Indiana Jones and the Kingdom of the Crystal Skull

  • 2008-05-28
  • By Monika Hanley

Indiana Jones and the sidekick: more adventures for a grizzled Harrison Ford.

Director: Steven Spielberg  

Indiana Jones (Harrison Ford) is back in a big way with more action, less talking and more over-the-top adventures.

If you have not seen the first three installments, it really does not matter, what little plot the story does have explains everything. Not to say it's a bad movie, it's just exactly what you'd expect from an Indiana Jones movie. Director Steven Spielberg brings out the big guns, so to speak, to tie up loose ends, vanquish the bad guys and make sure the guy gets the girl, and then some.
Nineteen years have passed since Indy's last adventure and the year is 1957. The bad people this time are the Soviets out to gain the ultimate psychological warfare weapon: the crystal skull. With Cate Blanchett and her terrible Russian accent leading the way, the troops find themselves in the jungles of Peru sword fighting their way to the ultimate treasure: El Dorado.

The film opens on the Nevada desert with a U.S. military convoy headed to a secret base. The convoy turns out to be part of the Soviet military, which the audience in the theatre seemed to find hysterical. Throughout the movie, the "Red Scare" era is portrayed rather well, complete with "better dead than red" protests on the college campus.  

After getting fired for allegedly collaborating with communists, Professor Jones sets off in search of this mystical crystal skull, supposedly from an ancient alien race of people who gave the Mayans unimaginable technology.
We see some familiar faces, Karen Allen returns to play Indiana Jones's feisty love interest, and Shia LaBeouf plays his complicated Fonzie-like sidekick complete with a nervous hair-combing habit. Sean Connery, as so many fans had hoped, does not make an actual appearance in the movie as Indiana's father, save for a framed picture on his desk, implying that his father has passed on.

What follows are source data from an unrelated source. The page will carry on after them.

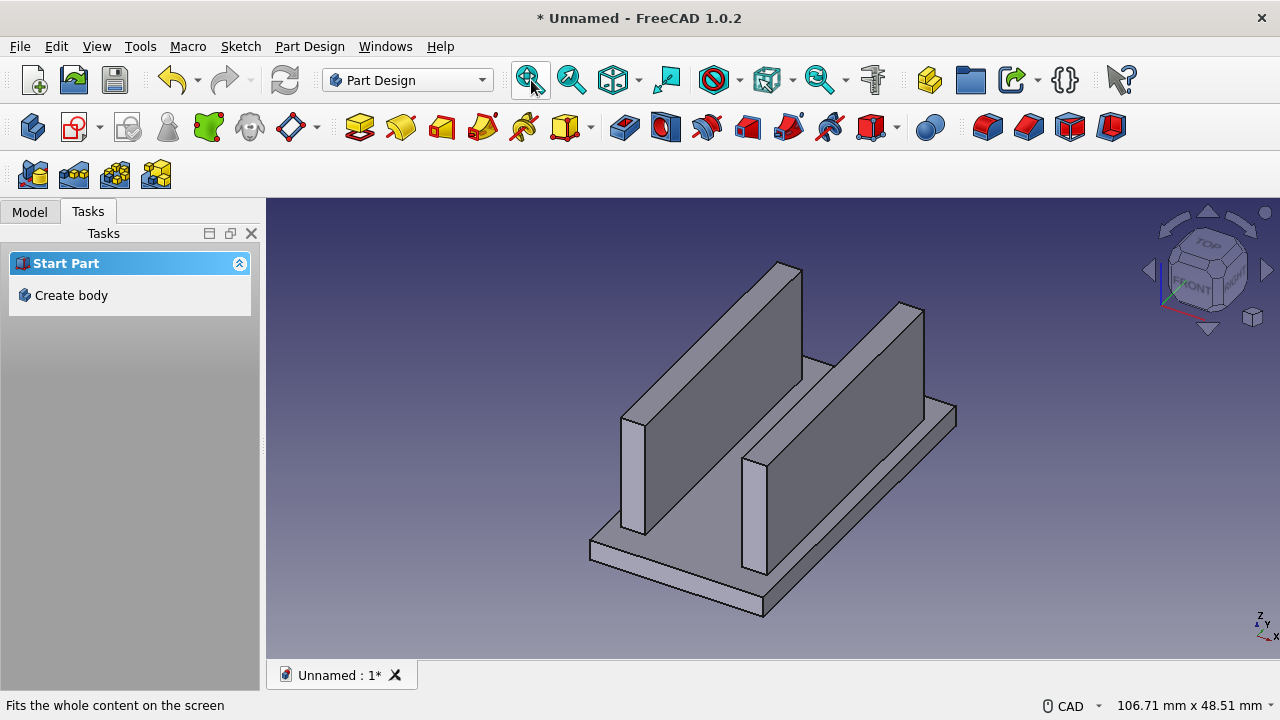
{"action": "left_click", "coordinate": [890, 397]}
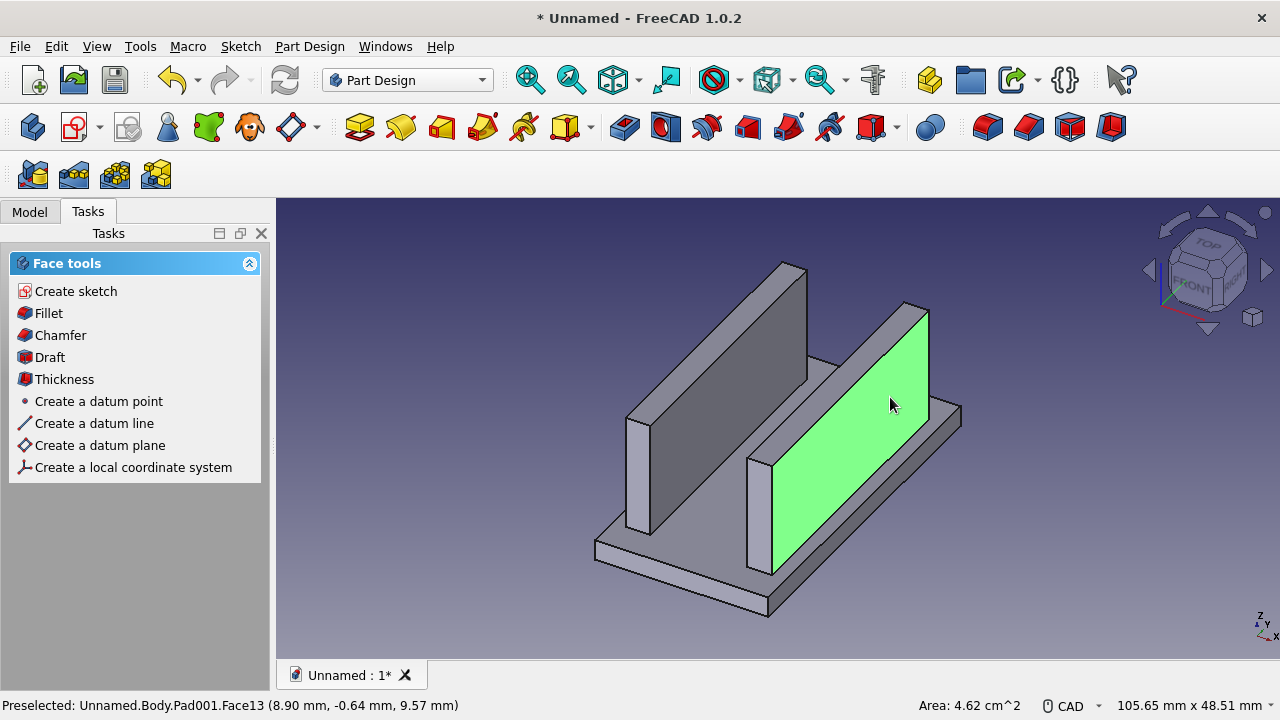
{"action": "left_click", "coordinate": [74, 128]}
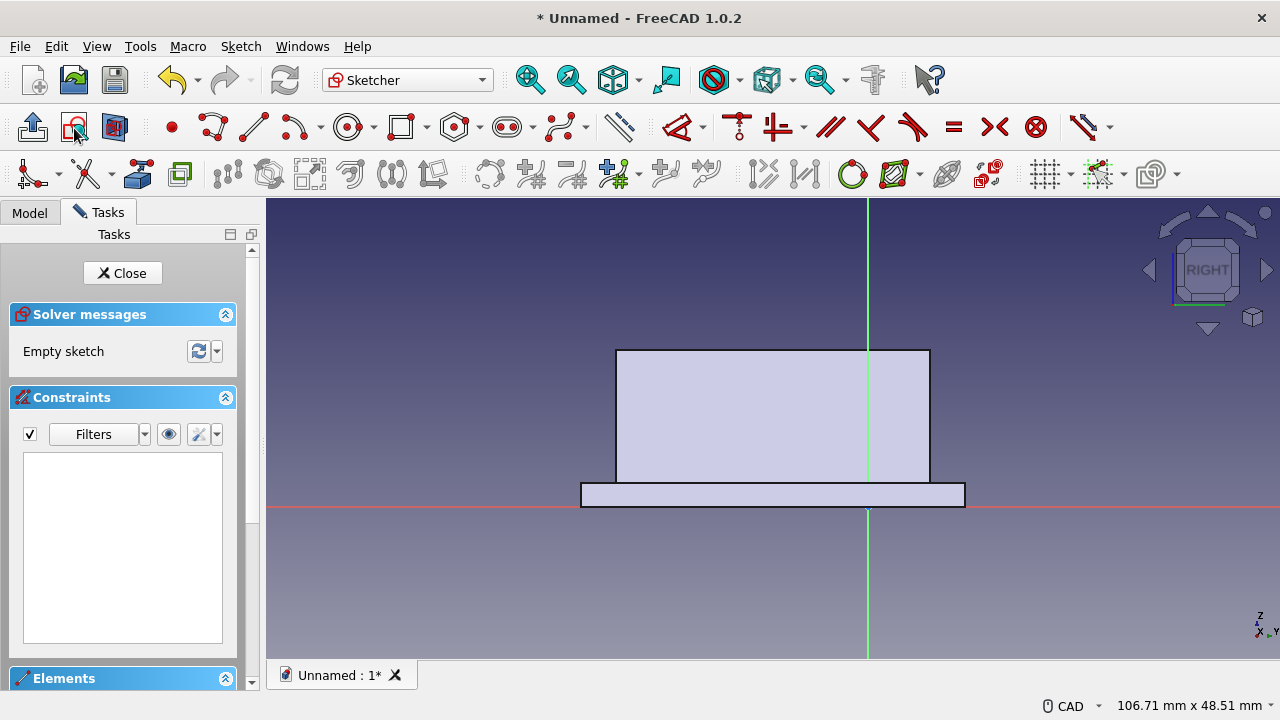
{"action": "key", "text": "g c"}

If you are wondering how Harrison Ford played the whip-toting, thrill-seeking, archeology professor, the answer is extremely well. Of course, there were the mandatory quips about his age, but it was easy to forget about that from the moment he put on his hat and started punching people with the same finesse he had nearly twenty years ago. And yes, he is still afraid of snakes.
The movie itself is like a roller coaster taking the eager audience member on a journey from a nuclear attack (which Doctor Jones magically survives by climbing into a refrigerator), to stampedes of fire ants, and tender moments while tied up in a truck. One thing is for certain, this movie has no boring moments.
The movie, however, is not all action. I was surprised to find myself tearing up at some of the more emotional moments, of which there are quite a few delicately sprinkled throughout the film.

The film touches on some deeper themes, as the other films have done in the past, delving into epistemology and the concept of a hive-mind along with an interesting interpretation of the El Dorado myth.
For those in it more for the actions sequences, there is a plethora of them, but they amount to more than just the standard throwing of punches. Spielberg went all out on the fight scenes and even included a scene where Shia LaBeouf straddles two jeeps while sword fighting.

If you have waited a long time to see this movie, as I have, it most defiantly does not disappoint 's although it would have been nice to see some of the other characters reprise their roles.
Nevertheless, it is worth way more than the cost of admission and the two hours and 15 minutes seem to zip by in frenzy, leaving the viewer oddly inspired to become an archeologist. 

It all ends just the way you would have wanted it, but I will not give away the ending, you will have to go see for yourself.